Chapter 14

For Priscilla, Xavier was a change, something old and yet something new. And now it was time for “Dan and Xavier Enjoy a Rational Grown-up Discussion.”

Xavier’s boyish good looks could appeal to anyone, male or female, but in this case they appealed to Priscilla and not to Dan. However, this tennis entity of tangled, healthy, maturely white hair, generous smile with shining teeth, darting boyish shy unease, long legs—the whole Town and Country Academy Alumni Association gathered into one good sport—had planned ahead and was ready to make his case to Kasdan. He asked Kasdan’s okay. He intended to play square. All he wanted was to be an honest person.

I wasn’t ready to offer a blessing to the man who wanted my wife, even if he looked me forthrightly in the eyes and said he really cared, needed, hoped; even if he confessed that this conversation made him nervous; even if he cast down his long lashes, blushed and moved his footwear uneasily. Xavier was giving it a best effort. Like many a handsome lad before him, he felt sure his personal appeal could win the day. How could I fail to be convinced?
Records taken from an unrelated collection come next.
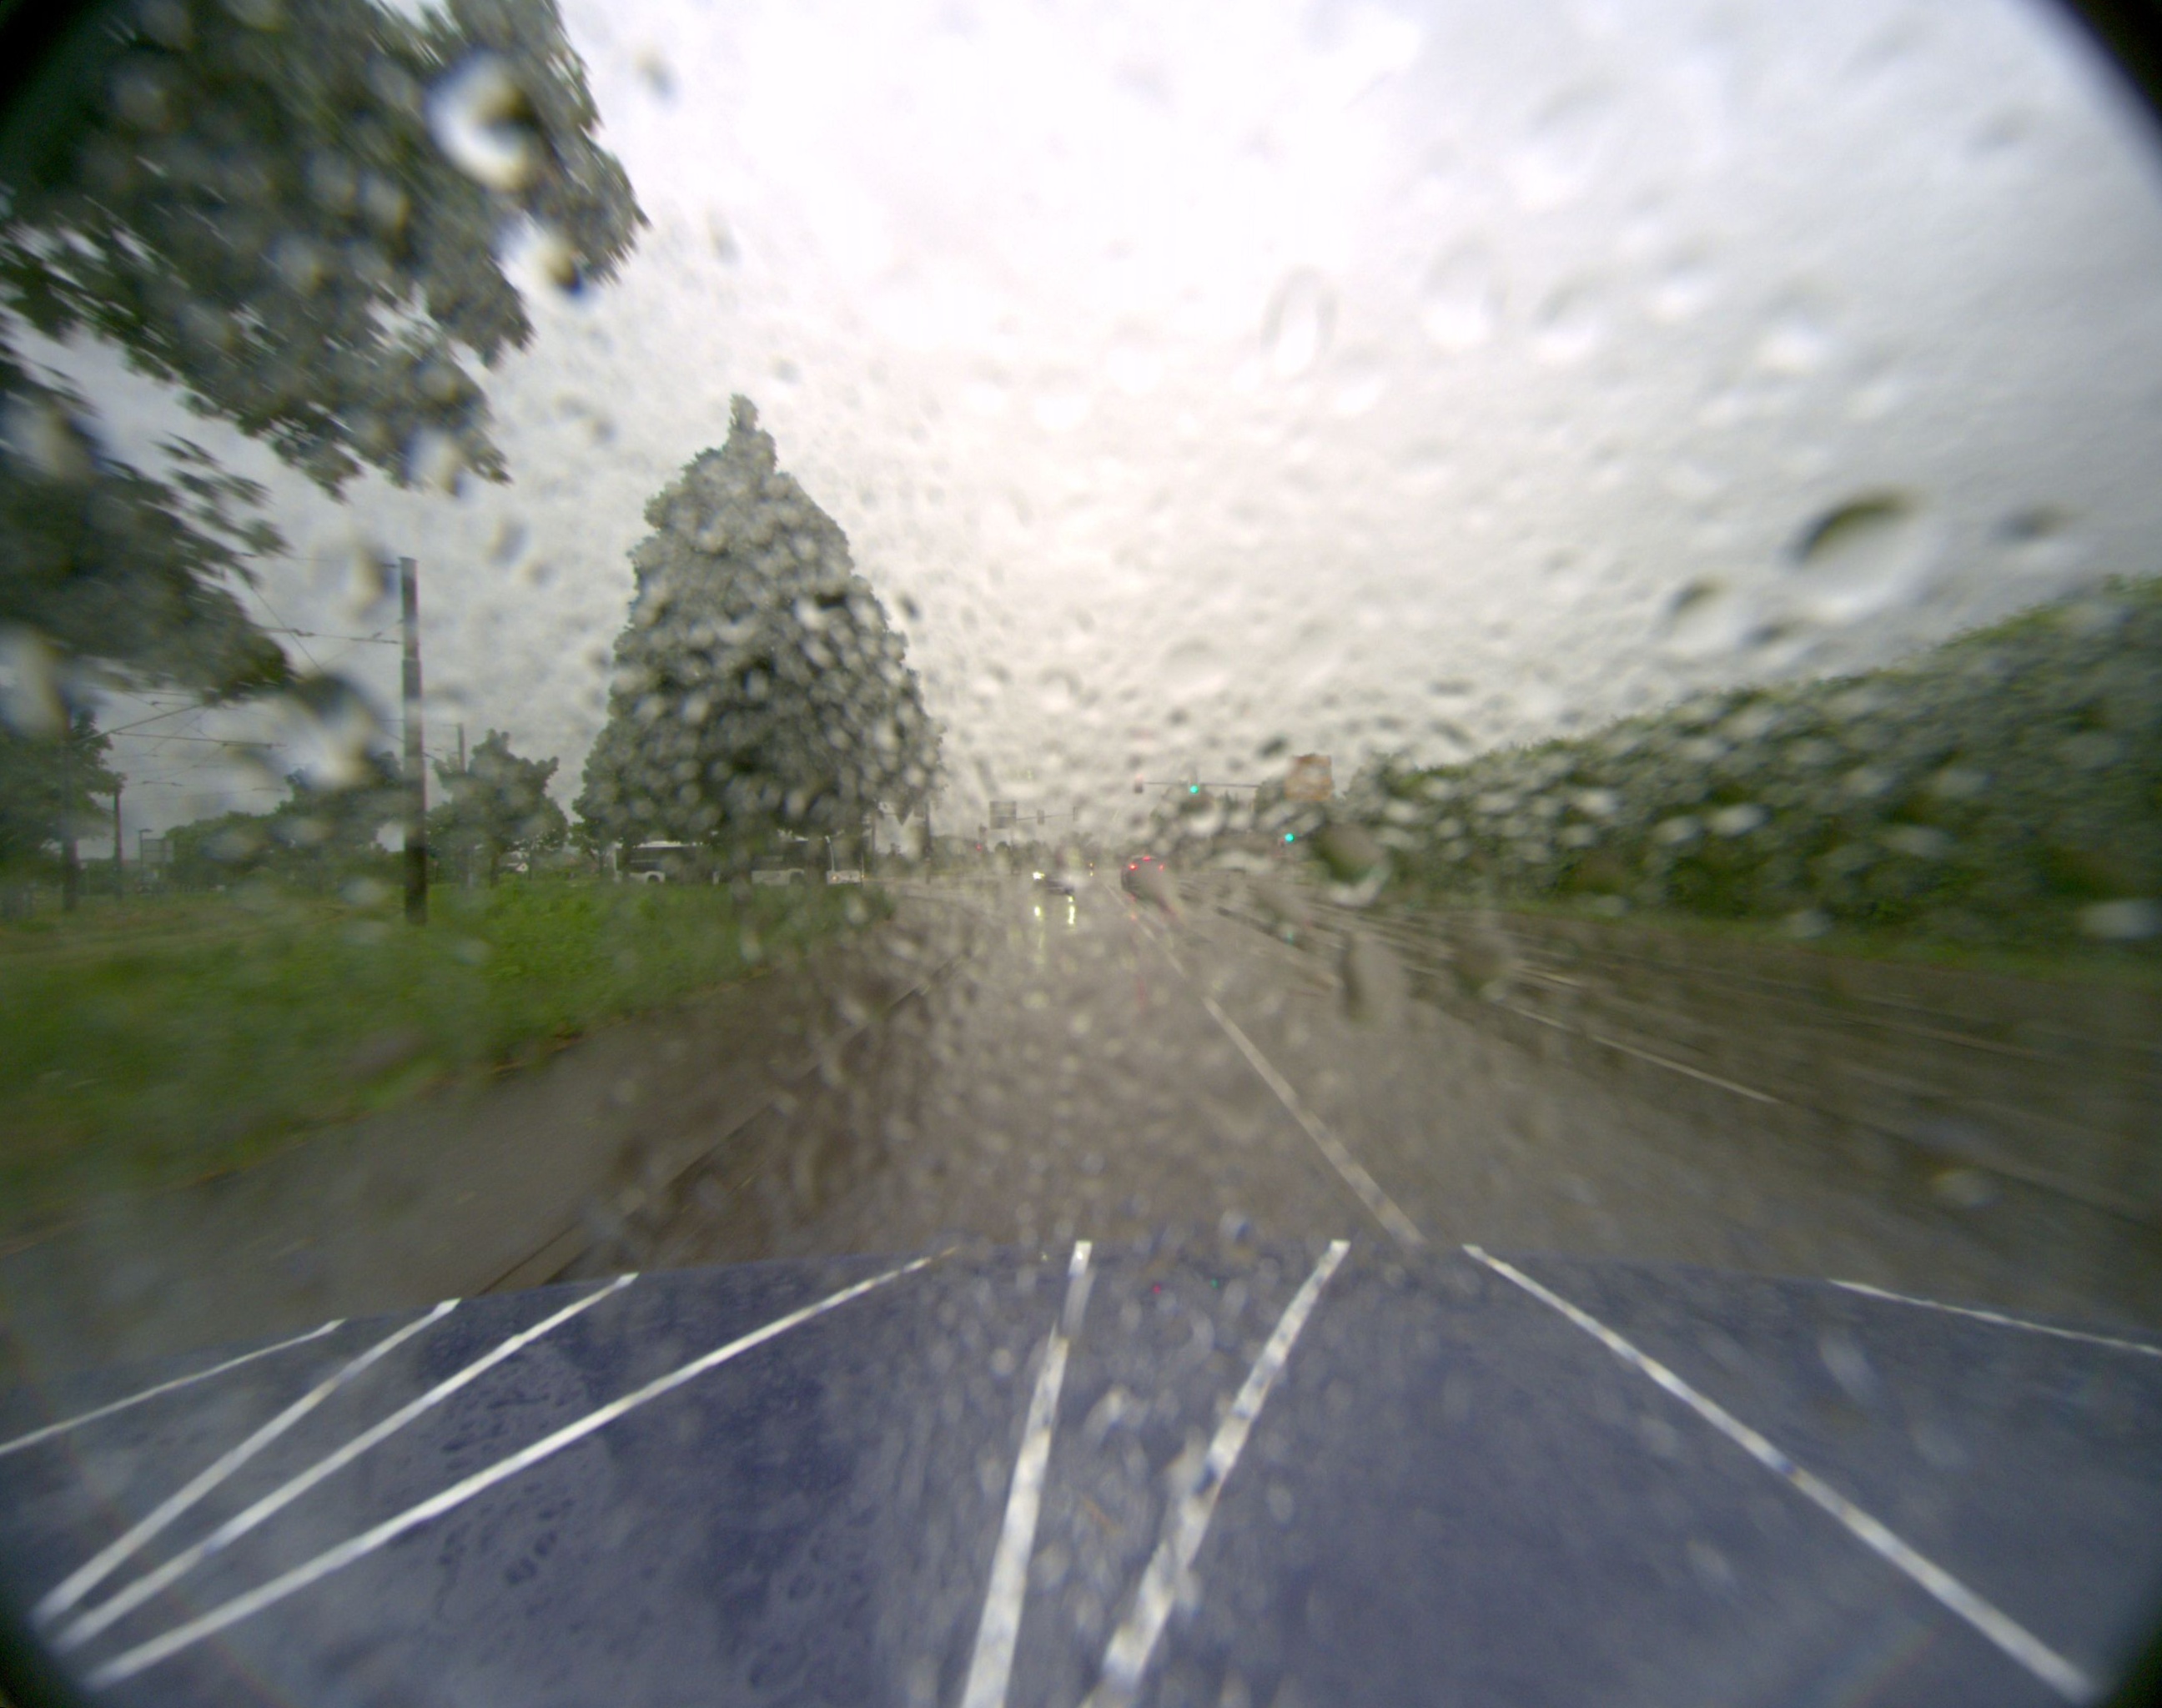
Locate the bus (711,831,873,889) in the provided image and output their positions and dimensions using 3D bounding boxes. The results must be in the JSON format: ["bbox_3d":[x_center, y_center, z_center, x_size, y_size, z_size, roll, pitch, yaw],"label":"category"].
[{"bbox_3d":[-16.857,0.393,44.028,9.969,3.059,2.683,-1,1,27],"label":"bus"}]

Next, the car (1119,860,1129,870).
[{"bbox_3d":[7.544,1.945,133.974,1.617,1.510,3.655,-2,1,2],"label":"car"}]

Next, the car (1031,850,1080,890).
[{"bbox_3d":[-1.074,0.679,34.482,1.998,1.622,4.000,-2,1,1],"label":"car"}]

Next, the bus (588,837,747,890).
[{"bbox_3d":[-26.168,0.615,48.017,9.973,3.059,2.682,-1,1,19],"label":"bus"}]

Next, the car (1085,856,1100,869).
[{"bbox_3d":[1.889,1.398,126.018,1.919,2.002,4.002,-1,1,8],"label":"car"}]

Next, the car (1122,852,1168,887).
[{"bbox_3d":[2.962,0.707,35.998,1.767,1.528,3.876,0,1,-2],"label":"car"}]

He was so vulnerable.

“This is really embarrassing,” said Xavier.

“We can agree on that.”

“Um.”

“We can agree on that, too.”

With a warm grin, a toss of healthy mop, a winsome gleam in the eye, Xavier said, “You and I were sort of friends, sort of knew each other, so you could sort of think of this in terms of betrayal, or not betrayal, or maybe—”

Betrayal. Sort of. Yes. A piercing minty odor, alcohol and oil and tart, came off Xavier as his metabolism labored away, his sportsman’s cologne excited by the heat of conflict, shedding itself with green and yellow implications into the air. Probably he wasn’t really drenched in perfume. I was just oversensitive to my wife’s lover’s manly aroma.

Since I seemed unwilling to speak, cat got my tongue, Xavier had to do all the work around here, put the ball in play. “So I thought I should explain. It’s not like you think. I didn’t want to cause you difficulties. It’s hard for me, too, Dan. I mean, it’s not as if I had a choice about, about, about…” His voice deepened. “About Priscilla.”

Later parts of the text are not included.